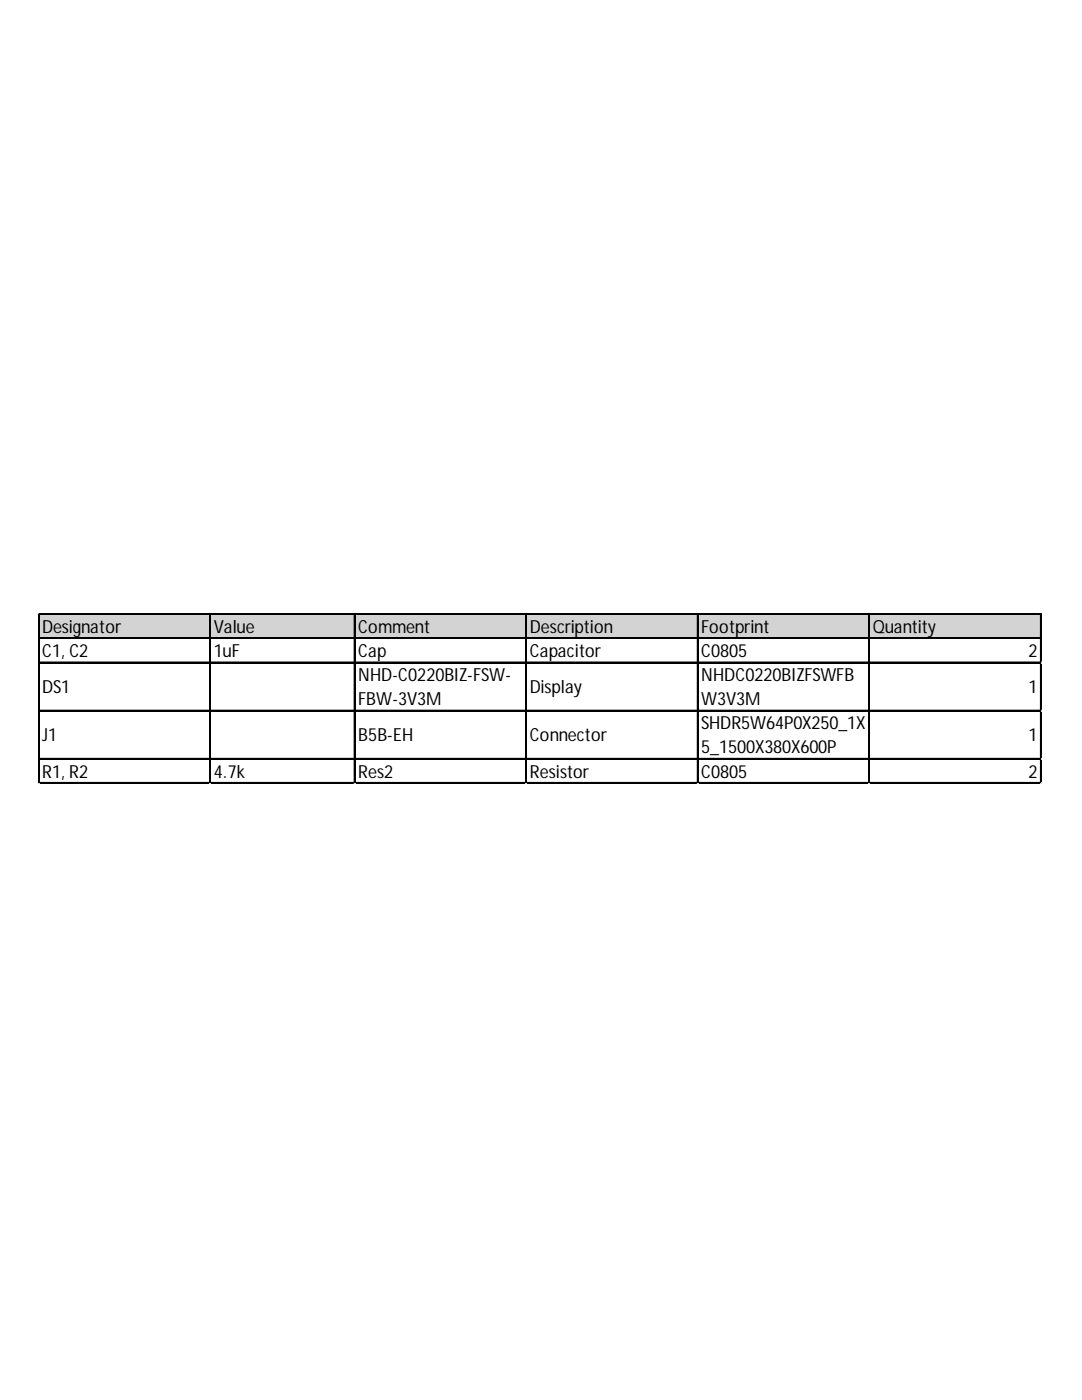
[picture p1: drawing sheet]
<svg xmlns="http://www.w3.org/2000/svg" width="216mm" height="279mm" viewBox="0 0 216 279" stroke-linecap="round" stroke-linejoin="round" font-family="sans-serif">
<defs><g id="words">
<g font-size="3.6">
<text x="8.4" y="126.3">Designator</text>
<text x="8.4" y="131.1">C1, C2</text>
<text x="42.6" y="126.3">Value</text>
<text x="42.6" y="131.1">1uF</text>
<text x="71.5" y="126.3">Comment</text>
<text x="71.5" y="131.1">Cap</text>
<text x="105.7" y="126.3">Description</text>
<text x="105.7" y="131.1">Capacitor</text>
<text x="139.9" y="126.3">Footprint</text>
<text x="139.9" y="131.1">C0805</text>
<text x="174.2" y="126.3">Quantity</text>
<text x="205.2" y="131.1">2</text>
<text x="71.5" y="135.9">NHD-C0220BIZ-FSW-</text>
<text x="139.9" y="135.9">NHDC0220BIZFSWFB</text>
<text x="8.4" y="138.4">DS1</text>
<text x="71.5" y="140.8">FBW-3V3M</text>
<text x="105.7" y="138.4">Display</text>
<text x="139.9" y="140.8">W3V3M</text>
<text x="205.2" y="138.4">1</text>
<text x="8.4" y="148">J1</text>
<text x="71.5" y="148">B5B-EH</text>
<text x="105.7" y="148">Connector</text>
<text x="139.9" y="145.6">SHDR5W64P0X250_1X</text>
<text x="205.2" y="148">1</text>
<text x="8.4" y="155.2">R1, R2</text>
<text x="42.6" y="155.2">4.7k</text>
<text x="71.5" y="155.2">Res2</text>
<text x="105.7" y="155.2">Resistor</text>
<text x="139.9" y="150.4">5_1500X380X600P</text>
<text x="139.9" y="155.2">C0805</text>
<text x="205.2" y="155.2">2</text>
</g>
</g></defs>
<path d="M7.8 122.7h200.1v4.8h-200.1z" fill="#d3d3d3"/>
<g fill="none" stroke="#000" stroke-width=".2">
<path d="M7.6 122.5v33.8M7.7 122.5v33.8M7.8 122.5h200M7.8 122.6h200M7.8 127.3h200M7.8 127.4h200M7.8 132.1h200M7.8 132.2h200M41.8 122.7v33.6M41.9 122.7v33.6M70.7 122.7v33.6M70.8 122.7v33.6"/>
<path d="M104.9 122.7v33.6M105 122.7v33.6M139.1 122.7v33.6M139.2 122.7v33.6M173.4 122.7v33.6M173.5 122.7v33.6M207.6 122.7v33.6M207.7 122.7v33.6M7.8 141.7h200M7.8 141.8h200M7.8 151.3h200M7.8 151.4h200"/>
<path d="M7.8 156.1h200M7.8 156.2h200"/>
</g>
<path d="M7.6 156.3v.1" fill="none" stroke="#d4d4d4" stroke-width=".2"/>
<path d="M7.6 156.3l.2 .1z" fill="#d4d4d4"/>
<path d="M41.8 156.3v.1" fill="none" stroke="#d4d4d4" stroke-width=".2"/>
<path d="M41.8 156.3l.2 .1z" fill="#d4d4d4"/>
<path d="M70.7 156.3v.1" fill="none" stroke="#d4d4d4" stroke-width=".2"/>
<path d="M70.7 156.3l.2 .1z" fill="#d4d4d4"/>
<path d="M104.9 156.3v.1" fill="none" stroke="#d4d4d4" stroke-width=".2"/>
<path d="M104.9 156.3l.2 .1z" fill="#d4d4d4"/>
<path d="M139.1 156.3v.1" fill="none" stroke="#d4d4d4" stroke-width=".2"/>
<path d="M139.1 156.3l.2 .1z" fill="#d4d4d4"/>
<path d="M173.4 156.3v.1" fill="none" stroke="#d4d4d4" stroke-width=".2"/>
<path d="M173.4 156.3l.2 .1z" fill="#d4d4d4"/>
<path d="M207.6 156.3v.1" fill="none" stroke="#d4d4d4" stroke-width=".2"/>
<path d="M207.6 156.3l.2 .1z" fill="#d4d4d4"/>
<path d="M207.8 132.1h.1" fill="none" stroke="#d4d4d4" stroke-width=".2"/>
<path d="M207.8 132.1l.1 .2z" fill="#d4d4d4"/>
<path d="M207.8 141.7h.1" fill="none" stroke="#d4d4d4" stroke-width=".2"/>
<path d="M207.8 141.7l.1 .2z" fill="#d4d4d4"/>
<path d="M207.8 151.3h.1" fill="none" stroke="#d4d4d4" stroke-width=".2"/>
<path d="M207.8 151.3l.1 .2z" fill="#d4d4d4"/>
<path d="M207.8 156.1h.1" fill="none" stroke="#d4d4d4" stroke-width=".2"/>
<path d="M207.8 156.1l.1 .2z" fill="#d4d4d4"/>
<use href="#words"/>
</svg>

What you should do:
Return, from the material above, every line with the word "font".

Result for this exercise:
<svg xmlns="http://www.w3.org/2000/svg" width="216mm" height="279mm" viewBox="0 0 216 279" stroke-linecap="round" stroke-linejoin="round" font-family="sans-serif">
<g font-size="3.6">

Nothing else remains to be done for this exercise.